Subsidiary” of any Person means (i) a corporation more than fifty percent (50%) of the combined voting power of the outstanding voting securities of which is owned, directly or indirectly, by such Person or by one or more other Subsidiaries of such Person or by such Person and one or more other Subsidiaries thereof, (ii) a partnership of which such Person, or one or more other Subsidiaries of such Person or such Person and one or more other Subsidiaries thereof, directly or indirectly, is the general partner and has the power to direct the policies, management and affairs of such partnership, (iii) a limited liability company of which such Person or one or more other Subsidiaries of such Person and one or more other Subsidiaries thereof, directly or indirectly, is the managing member and has the power to direct the policies, management and affairs of such company, (iv) any other Person (other than a corporation, partnership or limited liability company) in which such Person, or one or more other Subsidiaries of such Person or such Person and one or more other Subsidiaries thereof, directly or indirectly, has at least a majority ownership and power to direct the policies, management and affairs thereof, or (iv) any representative office, sales office or branch in the United States.

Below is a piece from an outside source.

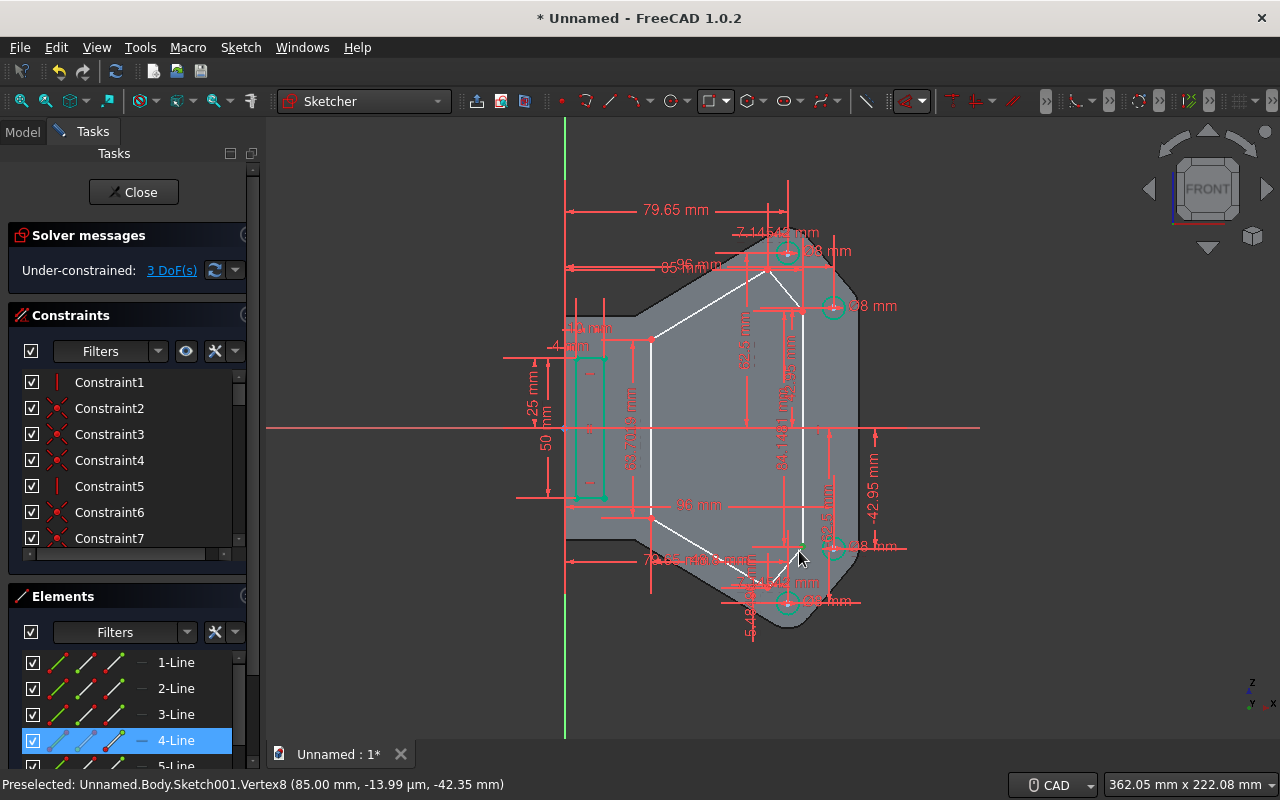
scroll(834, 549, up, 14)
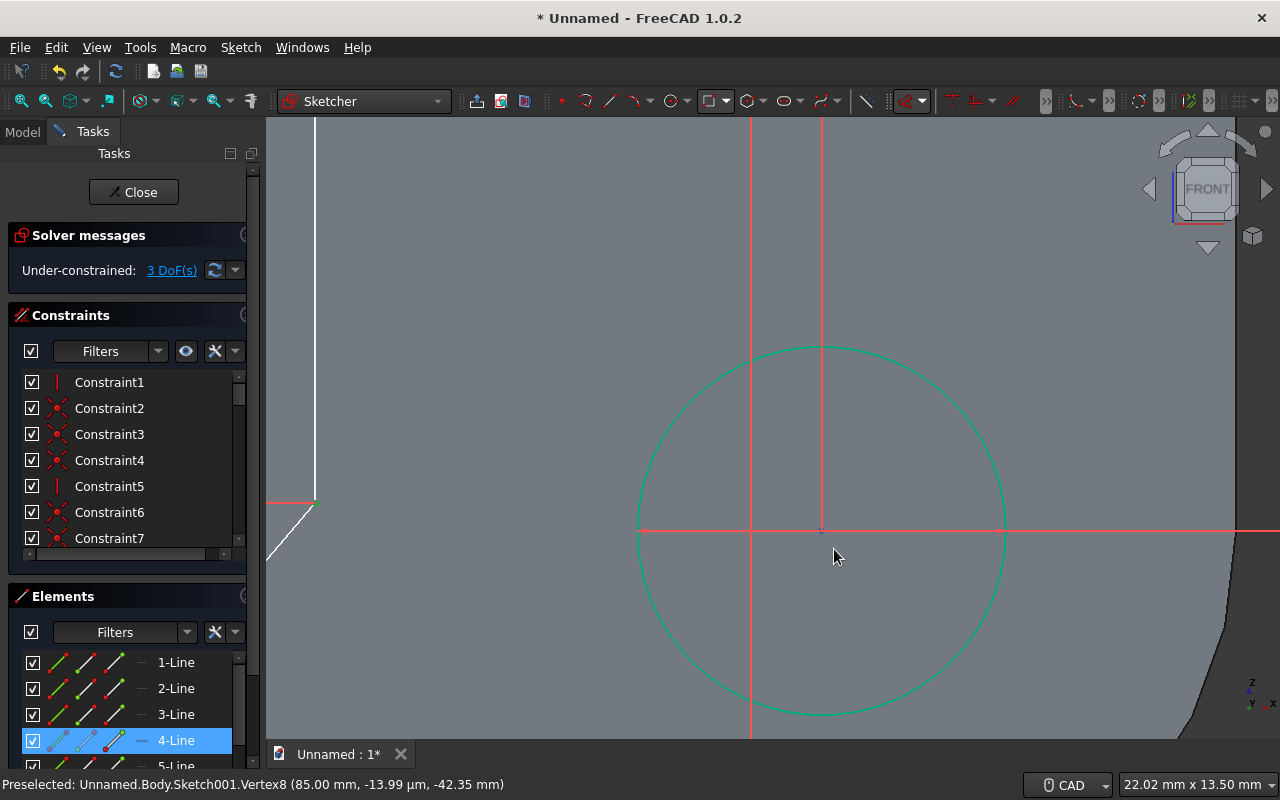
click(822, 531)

Superior Offer” means any unsolicited bona fide written Acquisition Proposal involving an Acquisition Transaction (not resulting from a breach of Section 5.4 or Section 6.1) that is not subject to any financing contingency, that, if consummated, would result in a Person or “group” (as defined in or under Section 13(d) of the Exchange Act) owning more than fifty percent (50%) of the outstanding voting securities of the Company or more than fifty percent (50%) of the assets of the Acquired Corporations, taken as a whole, which the Company Board shall have determined in good faith (after consultation with its independent financial advisor of nationally recognized reputation and its outside legal counsel) (i) is reasonably likely to be consummated in accordance with its terms, taking into account all legal, regulatory and financing aspects (including certainty of financing and certainty of closing) of the proposal, the Person making the proposal and other aspects of the Acquisition Proposal that the Company Board deems relevant and (ii) if consummated, would be more financially favorable to the holders of Shares (in their capacity as such) and other stakeholders of the Company than the Transactions.

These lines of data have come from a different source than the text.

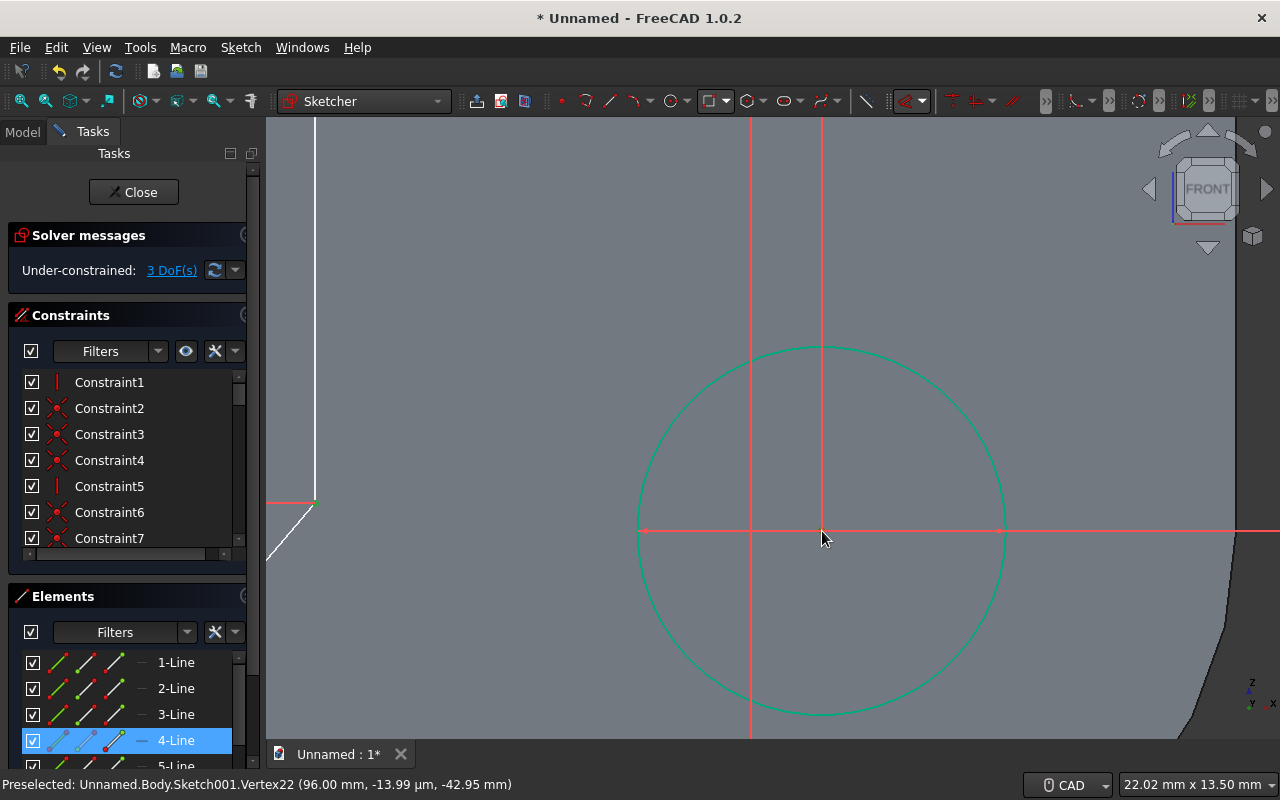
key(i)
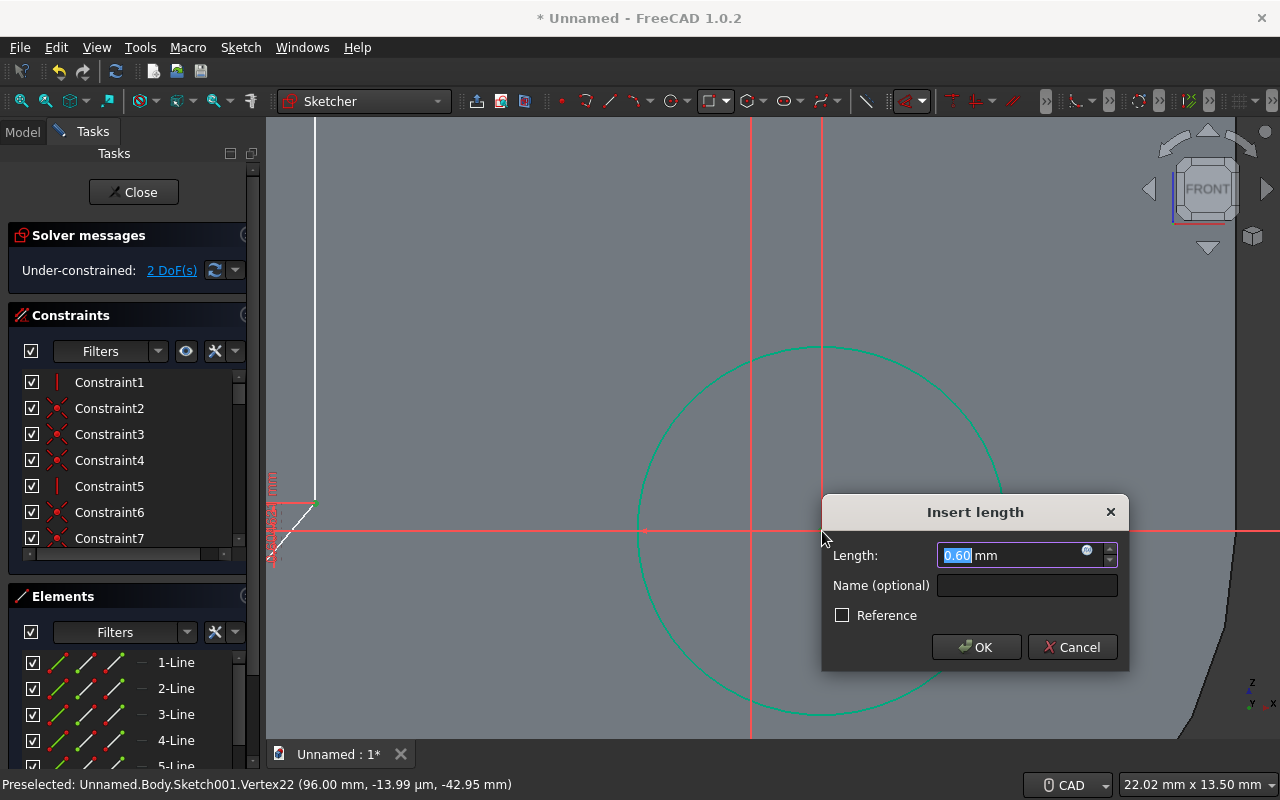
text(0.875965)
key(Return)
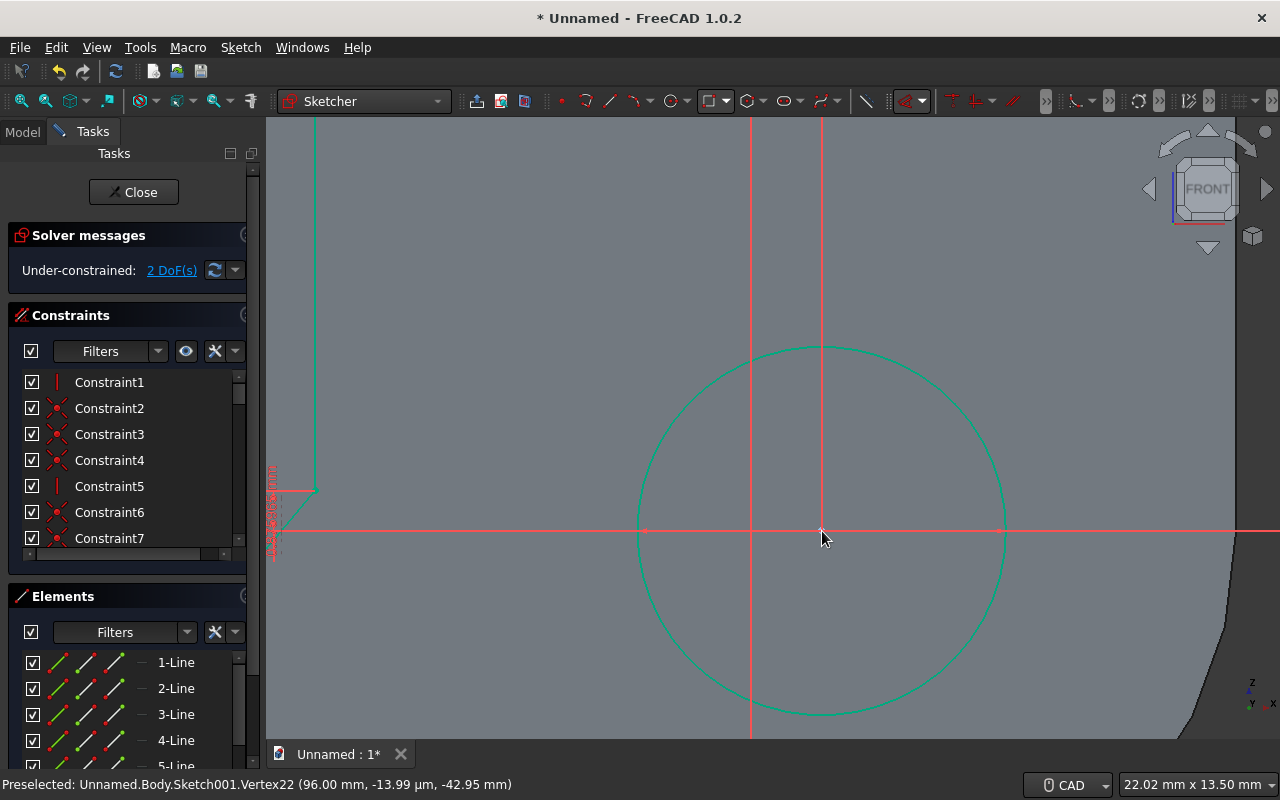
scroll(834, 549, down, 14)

Surviving Corporation” has the meaning set forth in Recital B.

Takeover Laws” has the meaning set forth in Section 3.22.

 

EXHIBIT A-13


Tax” means (i) any and all taxes, including net income, gross income, gross receipts, capital gains, alternative, minimum, sales, consumption, use, social services, goods and services, value added, harmonized sales, ad valorem, transfer, franchise, profits, registration, license, lease, service, service use, withholding, payroll, wage, employment, unemployment, pension, health insurance, excise, severance, stamp, occupation, premium, property, windfall profits, environmental, customs, duties or other taxes, fees, assessments, social security contributions or charges of any kind whatsoever, together with any interest and any penalties, additions to tax or additional amounts with respect thereto; (ii) any liability for payment of amounts described in clause (i) whether as a result of transferee liability, of being a member of any group of entities for any period or otherwise through operation of law; and (iii) any liability for the payment of amounts described in clauses (i) or (ii) as a result of any tax sharing, tax indemnity or tax allocation agreement or any other express or implied agreement to indemnify any other Person.

Tax Returns” mean any return (including any information return), report, statement, declaration, estimate, schedule, notice, notification, form, election, certificate or other document, and any amendment or supplement to any of the foregoing, with respect to income Taxes.

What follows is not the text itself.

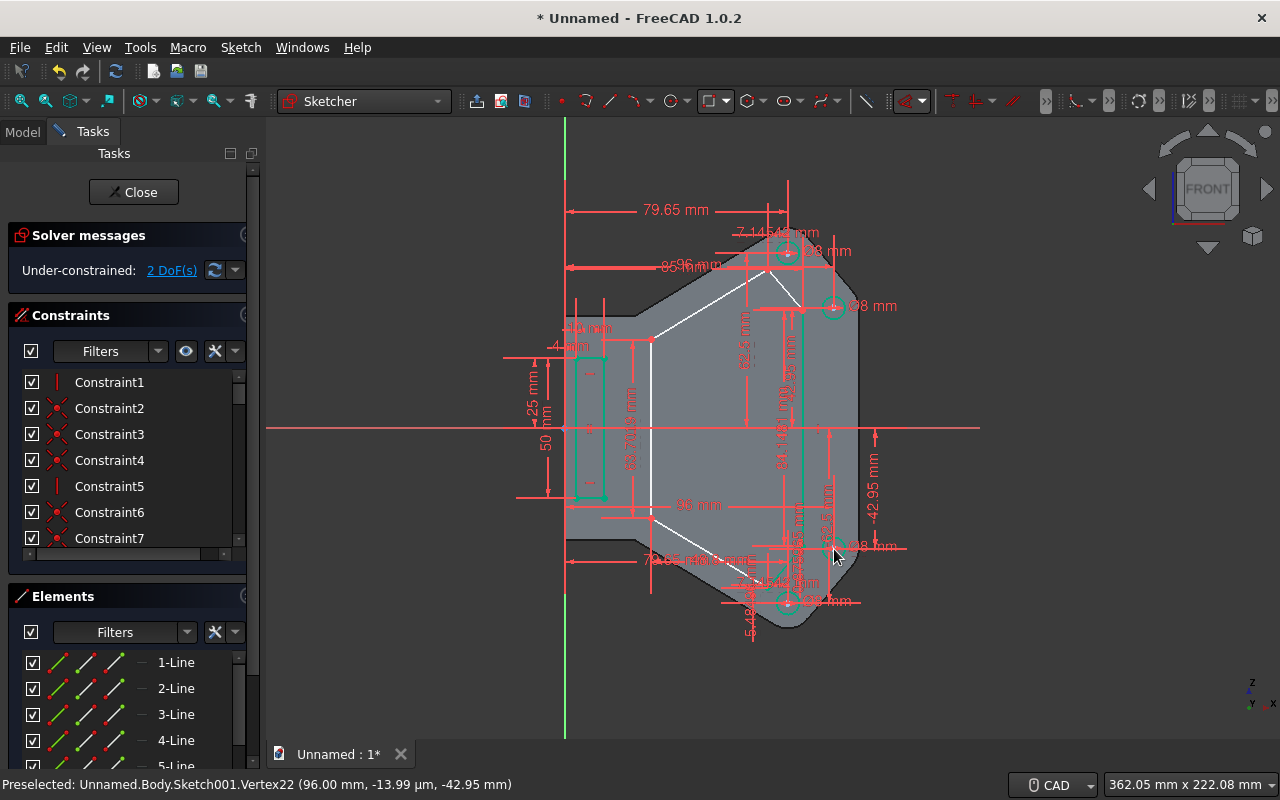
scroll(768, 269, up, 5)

Technology” means all tangible items constituting, disclosing or embodying any Intellectual Property Rights, including all versions thereof and all technology from which such items were or are derived, including but not limited to (a) works of authorship (including software, firmware, games and middleware in source code and executable code form, architecture, databases, plugins, libraries, APIs, interfaces, algorithms and documentation); (b) inventions (whether or not patentable), designs, discoveries and improvements; (c) proprietary, confidential and/or technical data and information, Trade Secrets and know how; (d) databases, data compilations and collections, and customer and technical data, (e) methods and processes, and (f) devices, prototypes, designs, specifications and schematics.

Tender Agreements” has the meaning set forth in Recital G.

Termination Fee” has the meaning set forth in Section 8.3(b).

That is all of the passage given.